A Cut into Silence…

  1. Filmmakers, then, have also operated on the assumption that the spectator’s imaginary experience of a film can accommodate the most abrupt and seemingly “obtrusive” musical gestures.31 In Stanley Kubrick’s 2001: A Space Odyssey (1968), there is a sequence that not only confirms this assumption but also provides a glaring instance of how a filmmaker endows a simple procedure with new meaning. I am referring to the well-known sequence in which the black monolith appears for first time before an audience of astonished “primitive” creatures, half-monkeys, half-men. The music cue begins just before the first appearance of the monolith: a faint, dark sound in the background, rather like a low hiss, perhaps emanating from the object itself, over a medium shot of the waking creatures at dawn.32 As the creatures notice the object and gather around it, the initial sound rises in volume and becomes recognizable as music. It is Gyorgy Ligeti’s “Kyrie” from his 1966 Requiem: a sour, non-tonal piece for chorus and orchestra, moving slowly in massive, interlocking shards of sound in which no single voice or instrument is discernible. This is music that borders on the archetypical, perhaps the closest Kubrick could conceive to an utterly unfamiliar, transcendental, non-referential sound.33

  2. The sequence concludes with a shot of the monolith seen from below at dawn. The way the shot is composed conveys the mysterious, possibly supernatural, power of the object more strongly than any of the preceding shots. We see the upper edge of the object barely shielding us from the blinding light of the rising sun. The edge of the monolith, the sun, and the moon are all aligned toward the receding point of the composition. Explicitly centered, the figure of the monolith is made more overwhelming and foreboding by the distortion of the visual field due to the use of a grand angle. Finally, the music greatly enhances the effect of the image, since it is played at this point at maximum volume, literally saturating the spectator’s auditory field.

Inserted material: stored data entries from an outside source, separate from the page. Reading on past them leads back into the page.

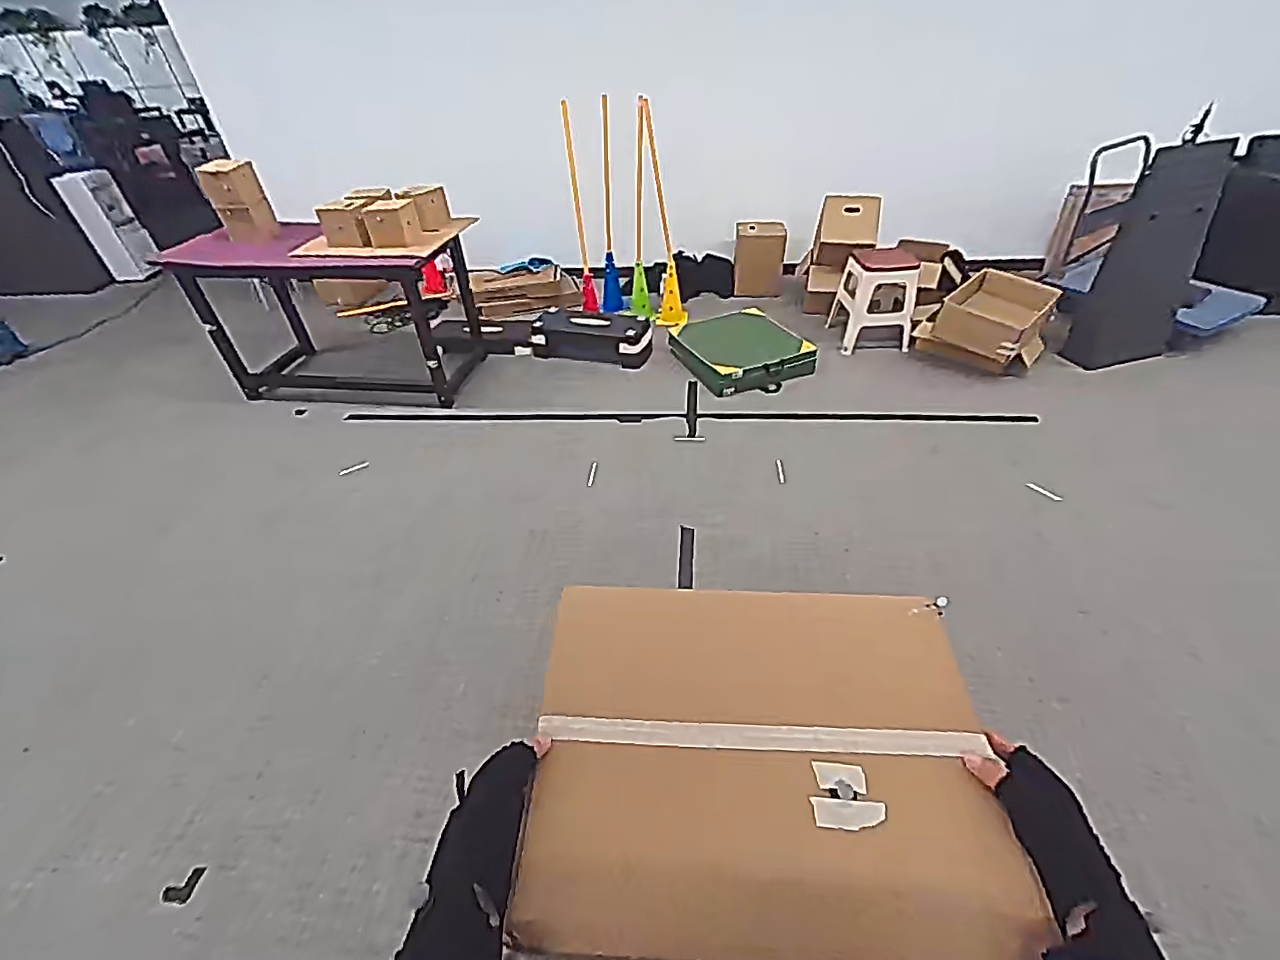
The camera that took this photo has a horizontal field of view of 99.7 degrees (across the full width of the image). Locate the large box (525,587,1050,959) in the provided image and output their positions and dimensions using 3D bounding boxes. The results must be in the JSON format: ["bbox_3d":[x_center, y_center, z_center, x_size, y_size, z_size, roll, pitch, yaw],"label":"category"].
[{"bbox_3d":[0.117,0.340,0.616,0.408,0.320,0.320,2,47,4],"label":"large box"}]
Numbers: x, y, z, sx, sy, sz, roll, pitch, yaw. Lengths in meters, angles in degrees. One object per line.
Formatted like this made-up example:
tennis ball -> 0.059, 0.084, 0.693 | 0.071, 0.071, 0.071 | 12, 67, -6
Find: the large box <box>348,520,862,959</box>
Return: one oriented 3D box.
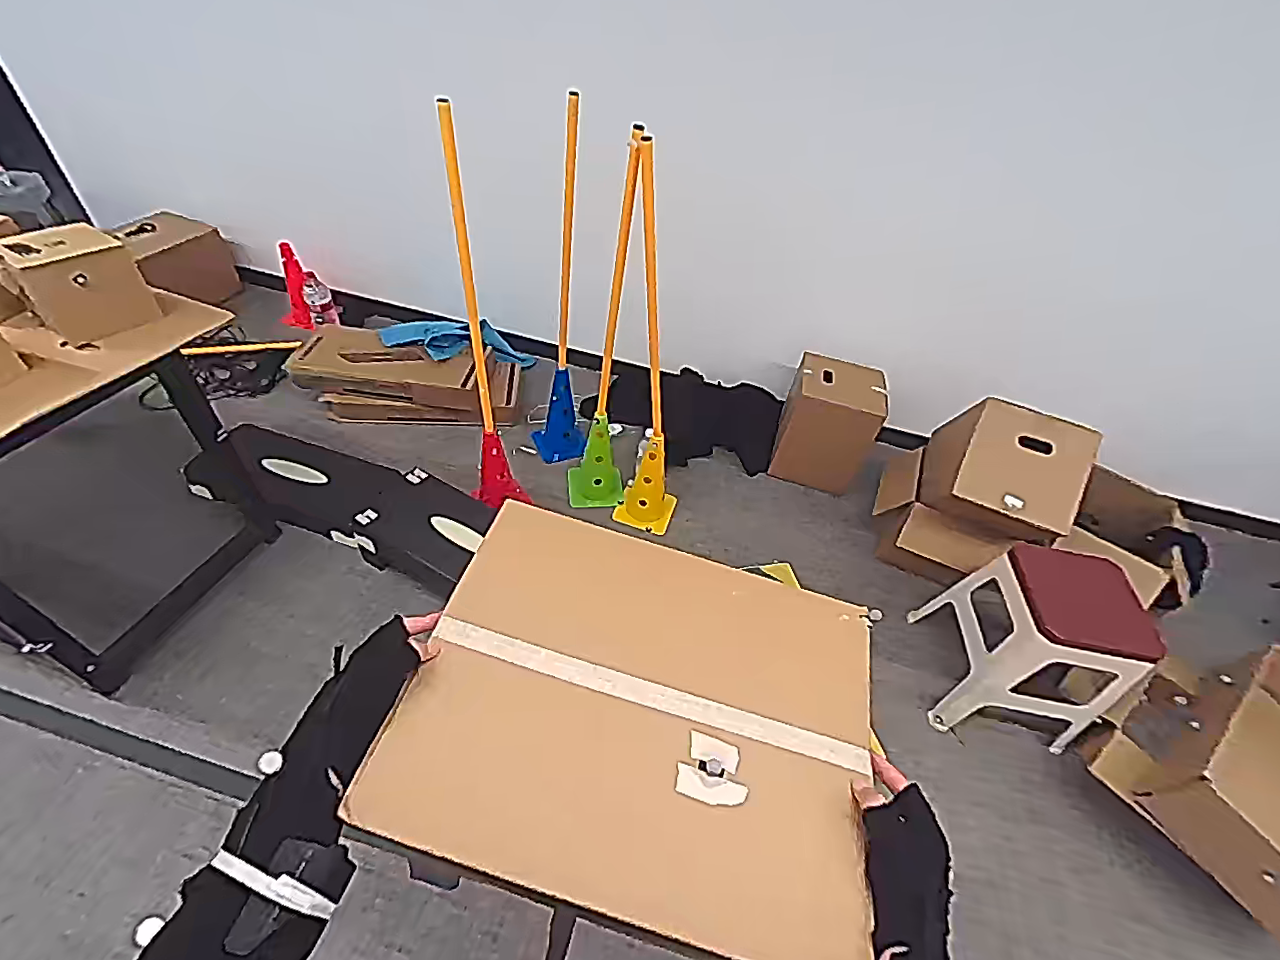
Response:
large box -> -0.018, 0.300, 0.602 | 0.408, 0.320, 0.320 | 17, 51, 3

  3. What follows is an abrupt, unanticipated straight cut both in the image and the sound track to a long shot of a large, desert plateau, clothed by a mantle of almost absolute silence. There isn’t a single reference to this extraordinary moment in the immense literature on this film. The sensorial shift is so sudden and violent that the deafening sound of the previous shot may seem to persist even after the cessation of the sound stimulus itself (a kind of auditory equivalent of an after-image). In narrative terms, the cut conveys with supreme economy that the new shot depicts the earth at an indefinitely later time—thousands, perhaps millions of years after the appearance of the monolith as seen in the previous scene.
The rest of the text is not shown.